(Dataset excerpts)
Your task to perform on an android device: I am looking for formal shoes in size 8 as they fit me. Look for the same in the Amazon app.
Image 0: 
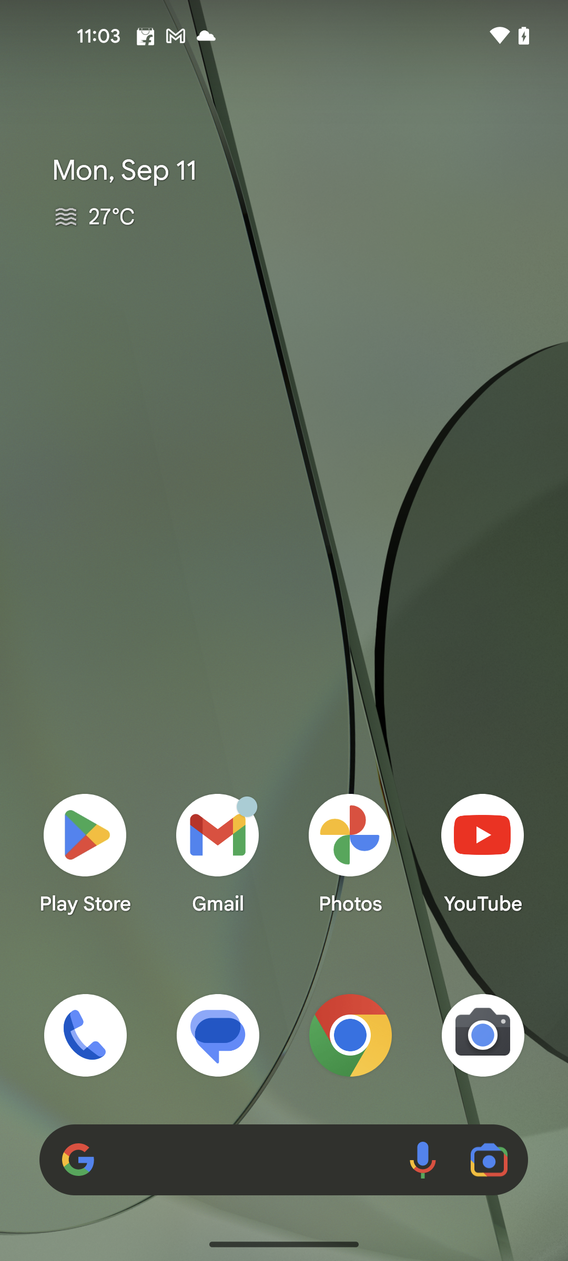
Open the Amazon app
Step 0: open app "Amazon"
Image 1: 
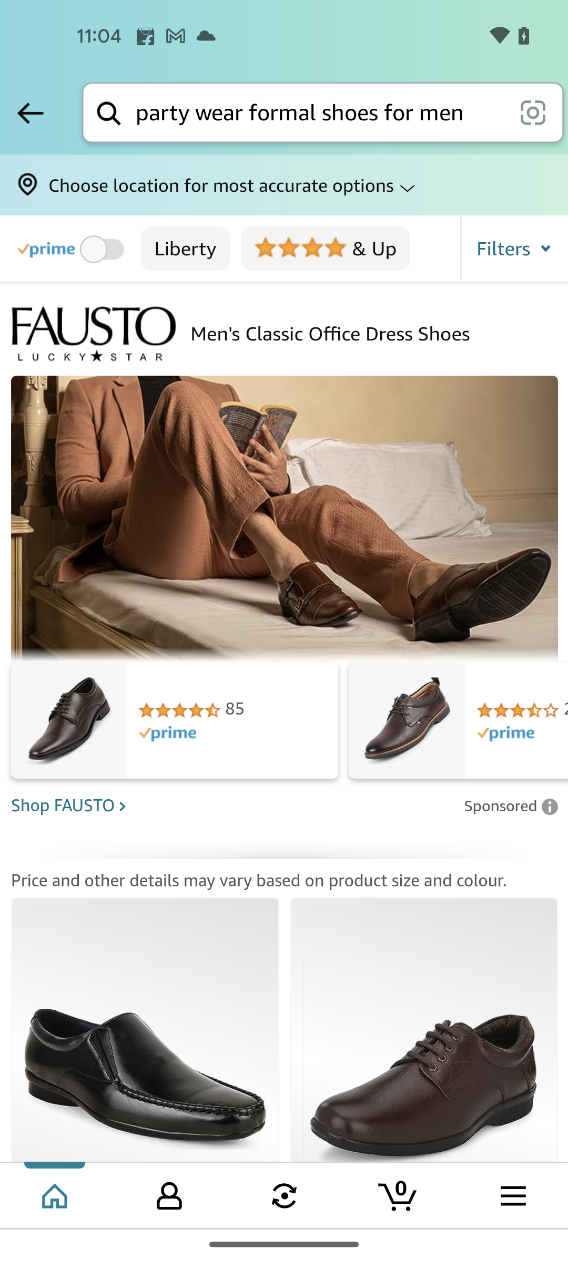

**TASK DESCRIPTION**
Reproduce all of the records above exactly, but exclude the pictures.

**TASK RESULT**
Your task to perform on an android device: I am looking for formal shoes in size 8 as they fit me. Look for the same in the Amazon app.
Image 0: 
Open the Amazon app
Step 0: open app "Amazon"
Image 1: 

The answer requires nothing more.